Collection entries

=====

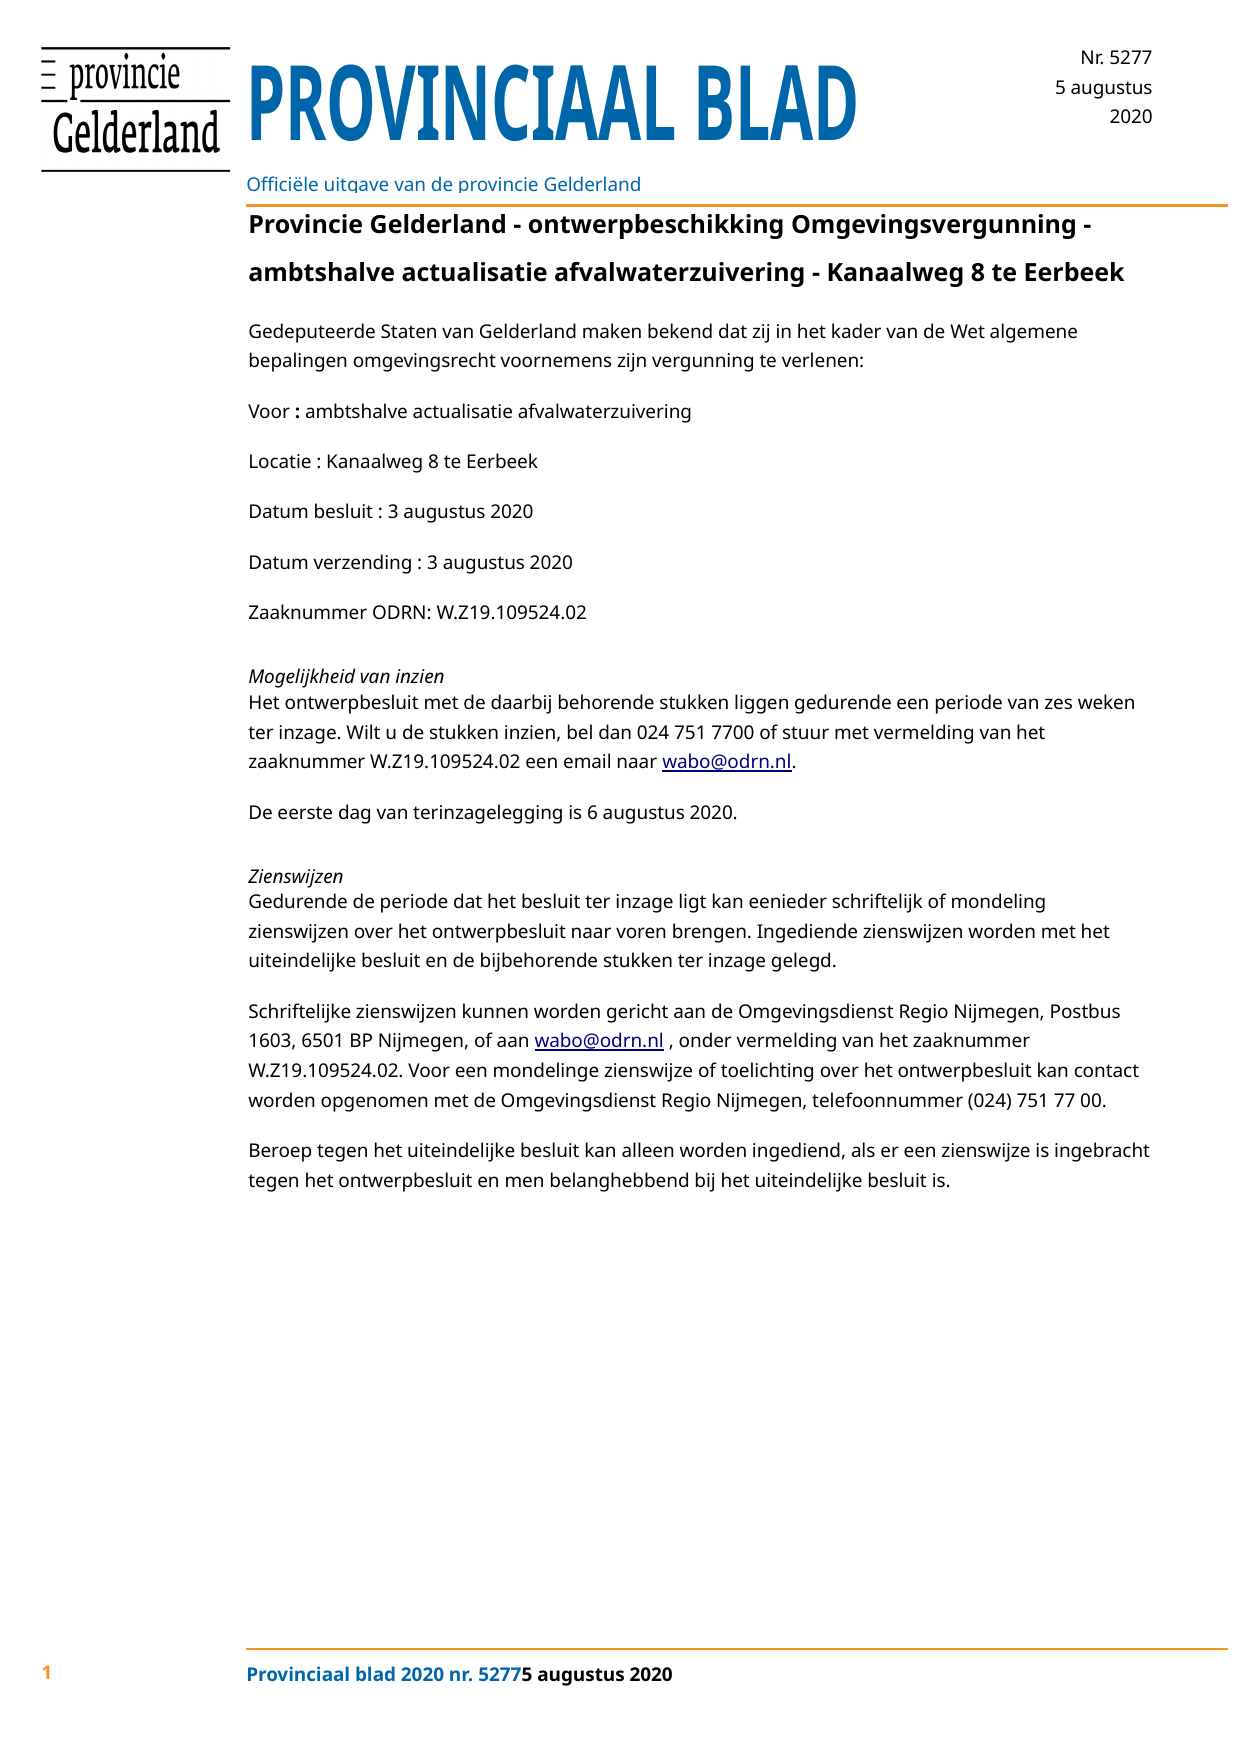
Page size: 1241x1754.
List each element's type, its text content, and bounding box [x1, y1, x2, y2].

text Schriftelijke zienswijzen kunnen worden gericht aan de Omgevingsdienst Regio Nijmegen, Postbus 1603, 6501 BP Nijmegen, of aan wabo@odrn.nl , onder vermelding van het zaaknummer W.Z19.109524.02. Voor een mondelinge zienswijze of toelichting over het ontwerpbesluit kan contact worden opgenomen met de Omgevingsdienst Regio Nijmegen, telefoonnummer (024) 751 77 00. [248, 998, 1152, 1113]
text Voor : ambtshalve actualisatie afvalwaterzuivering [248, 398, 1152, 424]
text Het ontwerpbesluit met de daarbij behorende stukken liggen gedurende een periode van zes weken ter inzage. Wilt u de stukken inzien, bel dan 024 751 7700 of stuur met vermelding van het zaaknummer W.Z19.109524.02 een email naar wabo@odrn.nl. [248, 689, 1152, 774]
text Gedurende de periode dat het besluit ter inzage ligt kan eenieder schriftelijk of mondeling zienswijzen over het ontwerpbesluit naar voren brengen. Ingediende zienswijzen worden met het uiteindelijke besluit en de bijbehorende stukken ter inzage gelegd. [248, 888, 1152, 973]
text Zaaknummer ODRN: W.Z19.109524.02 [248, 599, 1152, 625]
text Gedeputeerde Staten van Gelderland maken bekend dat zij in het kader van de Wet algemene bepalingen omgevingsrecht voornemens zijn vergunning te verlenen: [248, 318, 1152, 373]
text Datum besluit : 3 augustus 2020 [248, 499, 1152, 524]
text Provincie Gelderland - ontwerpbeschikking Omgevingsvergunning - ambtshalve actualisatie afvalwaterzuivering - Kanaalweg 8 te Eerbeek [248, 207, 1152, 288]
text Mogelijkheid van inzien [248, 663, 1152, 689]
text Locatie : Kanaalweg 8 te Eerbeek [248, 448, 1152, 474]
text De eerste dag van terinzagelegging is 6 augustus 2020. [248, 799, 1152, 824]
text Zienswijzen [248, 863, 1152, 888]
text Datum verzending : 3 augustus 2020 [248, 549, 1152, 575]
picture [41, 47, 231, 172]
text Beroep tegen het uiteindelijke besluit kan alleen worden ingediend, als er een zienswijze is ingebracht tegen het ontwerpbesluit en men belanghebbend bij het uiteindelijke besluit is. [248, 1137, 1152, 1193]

=====

Where a line of the records includes "actualisatie", copy it.

text Voor : ambtshalve actualisatie afvalwaterzuivering [248, 398, 1152, 424]
text Provincie Gelderland - ontwerpbeschikking Omgevingsvergunning - ambtshalve actualisatie afvalwaterzuivering - Kanaalweg 8 te Eerbeek [248, 207, 1152, 288]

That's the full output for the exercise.